No, I mean specifically when would that theme fit into which moments of gameplay? The soundtrack of BOTW changes dynamically depending on the actions and locations of the character the stimuli that surround them. As for suggesting the OoT overworld theme, that is a suggestion that falls under the "opinions can be wrong" category. At no location nor situation would the loud & bombastic OoT overworld theme fit thematically with anything that is happening in BOTW.
The OOT theme is not loud or bombastic!
You're narrowly focused on the idea of fitting music to particular gameplay or map sections. Which is fine, games have been doing that for a long time now. It's not some sort of unique achievement of BOTW, much less an argument for its quality. I'm talking about the impact the music makes when they go to it.

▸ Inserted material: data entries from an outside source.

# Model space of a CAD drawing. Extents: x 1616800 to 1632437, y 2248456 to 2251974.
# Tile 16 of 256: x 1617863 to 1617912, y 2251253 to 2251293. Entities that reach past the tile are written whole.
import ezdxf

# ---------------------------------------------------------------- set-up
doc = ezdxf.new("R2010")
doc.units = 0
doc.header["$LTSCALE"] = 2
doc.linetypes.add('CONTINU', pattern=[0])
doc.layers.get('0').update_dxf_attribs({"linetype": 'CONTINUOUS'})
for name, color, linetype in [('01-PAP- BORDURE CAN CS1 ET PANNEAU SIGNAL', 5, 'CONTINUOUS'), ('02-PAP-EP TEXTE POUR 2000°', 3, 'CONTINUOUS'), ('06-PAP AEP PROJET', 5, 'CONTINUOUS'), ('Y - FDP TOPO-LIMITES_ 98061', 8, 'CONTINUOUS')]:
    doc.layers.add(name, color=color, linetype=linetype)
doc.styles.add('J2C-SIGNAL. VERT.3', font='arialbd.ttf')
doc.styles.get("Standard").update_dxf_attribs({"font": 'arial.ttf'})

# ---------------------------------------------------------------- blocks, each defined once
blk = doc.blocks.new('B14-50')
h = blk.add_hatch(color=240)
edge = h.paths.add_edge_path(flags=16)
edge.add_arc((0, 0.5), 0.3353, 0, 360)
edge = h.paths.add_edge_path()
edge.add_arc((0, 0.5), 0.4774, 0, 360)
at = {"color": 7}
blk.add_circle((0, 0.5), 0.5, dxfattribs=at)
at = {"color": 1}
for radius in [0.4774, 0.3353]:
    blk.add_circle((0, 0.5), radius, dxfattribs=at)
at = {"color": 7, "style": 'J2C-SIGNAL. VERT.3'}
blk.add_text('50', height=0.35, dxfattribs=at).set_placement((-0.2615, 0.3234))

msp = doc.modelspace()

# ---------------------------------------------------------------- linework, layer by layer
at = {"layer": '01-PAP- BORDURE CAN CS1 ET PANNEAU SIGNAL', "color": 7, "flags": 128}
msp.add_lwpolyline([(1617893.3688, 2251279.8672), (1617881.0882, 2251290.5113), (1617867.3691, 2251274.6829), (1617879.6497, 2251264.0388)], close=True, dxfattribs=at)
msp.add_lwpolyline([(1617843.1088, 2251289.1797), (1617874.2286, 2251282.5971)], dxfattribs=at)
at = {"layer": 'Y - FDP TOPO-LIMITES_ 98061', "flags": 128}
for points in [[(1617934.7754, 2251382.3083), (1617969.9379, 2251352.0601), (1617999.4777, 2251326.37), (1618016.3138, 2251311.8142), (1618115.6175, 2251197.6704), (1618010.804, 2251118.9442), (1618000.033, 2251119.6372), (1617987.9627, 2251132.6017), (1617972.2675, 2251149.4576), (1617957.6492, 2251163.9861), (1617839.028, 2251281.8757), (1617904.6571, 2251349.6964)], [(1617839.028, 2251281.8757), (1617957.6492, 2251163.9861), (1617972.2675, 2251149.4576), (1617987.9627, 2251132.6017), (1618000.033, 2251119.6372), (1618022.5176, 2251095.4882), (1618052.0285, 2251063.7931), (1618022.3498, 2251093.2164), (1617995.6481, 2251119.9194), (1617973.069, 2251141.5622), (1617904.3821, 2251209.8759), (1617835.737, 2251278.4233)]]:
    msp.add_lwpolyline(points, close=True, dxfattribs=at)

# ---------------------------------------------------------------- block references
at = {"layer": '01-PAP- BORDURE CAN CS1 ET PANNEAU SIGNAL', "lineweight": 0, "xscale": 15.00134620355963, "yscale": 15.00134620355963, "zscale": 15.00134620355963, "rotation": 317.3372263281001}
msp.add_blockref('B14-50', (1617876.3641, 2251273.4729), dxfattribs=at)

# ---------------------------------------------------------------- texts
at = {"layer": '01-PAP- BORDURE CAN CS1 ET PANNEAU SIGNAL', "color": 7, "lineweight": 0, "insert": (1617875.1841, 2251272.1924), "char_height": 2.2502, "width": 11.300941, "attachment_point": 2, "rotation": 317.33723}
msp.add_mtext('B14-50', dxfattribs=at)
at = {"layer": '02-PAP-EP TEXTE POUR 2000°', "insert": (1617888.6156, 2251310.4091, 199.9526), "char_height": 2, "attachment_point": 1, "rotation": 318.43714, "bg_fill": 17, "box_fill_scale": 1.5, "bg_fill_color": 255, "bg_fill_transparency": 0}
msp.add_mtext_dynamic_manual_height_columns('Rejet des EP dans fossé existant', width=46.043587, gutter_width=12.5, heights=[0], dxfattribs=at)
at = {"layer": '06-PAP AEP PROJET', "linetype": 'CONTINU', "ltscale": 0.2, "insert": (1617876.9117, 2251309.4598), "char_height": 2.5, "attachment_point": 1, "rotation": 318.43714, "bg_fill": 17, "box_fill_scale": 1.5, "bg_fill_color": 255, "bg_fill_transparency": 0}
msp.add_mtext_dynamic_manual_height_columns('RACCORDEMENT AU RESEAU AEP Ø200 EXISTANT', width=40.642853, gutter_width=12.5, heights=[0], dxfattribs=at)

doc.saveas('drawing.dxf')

For instance, the battle music is not good in BOTW, but at least it conveys some excitement. In that sense it fits a battle, but it also achieves something emotionally too.
When the piano motifs cut into BOTW, they are not necessarily being fitted into something. And they are not accomplishing anything. The natural world has already been described graphically and with sound design. The poster above likened it to a hike. Did the graphics and the soundscape create that feeling? If so, the music does nothing to add to the experience. Are the graphics and sound design an empty slate, and we just project the feeling of a natural, pristine world because the music told us to? Then I stand by my statement, no approach could be more boring than the one Nintendo opted for.
The Zelda 1 overworld theme does not in any way fit into the ugly, brown, simplistic grid based world of the first game. It completely rescues it and breathes the feeling of adventure into it. OOT's theme is not about fitting into Hyrule Field. Its goal is to sell Hyrule Field and the adventure that it kicks off.
You're acting like they had no margin to select the mood of this game based on the particular variety of climbing, or sailing, or landscapes you find yourself in. As if they could not have ascribed a feeling of adventure to climbing, or of danger to sailing, or of mystery to one of the landscapes.
Since you won't fill me in on the mood of the game, which will remain a mystery I guess, maybe you can tell me why, in defense of the soundtrack, people tend to post music that is the antithesis of everything in the overworld that you're celebrating? Why is no one able to defend the endless piano motifs of the overworld without referring to Hateno Village, or without damning it with the faintest of praise that it 'fits,' or through robotically describing how it changes depending on what you're doing?
Why does this music need so much explaining when past Zelda music, and indeed, other tracks in BOTW, pretty much speak for themselves?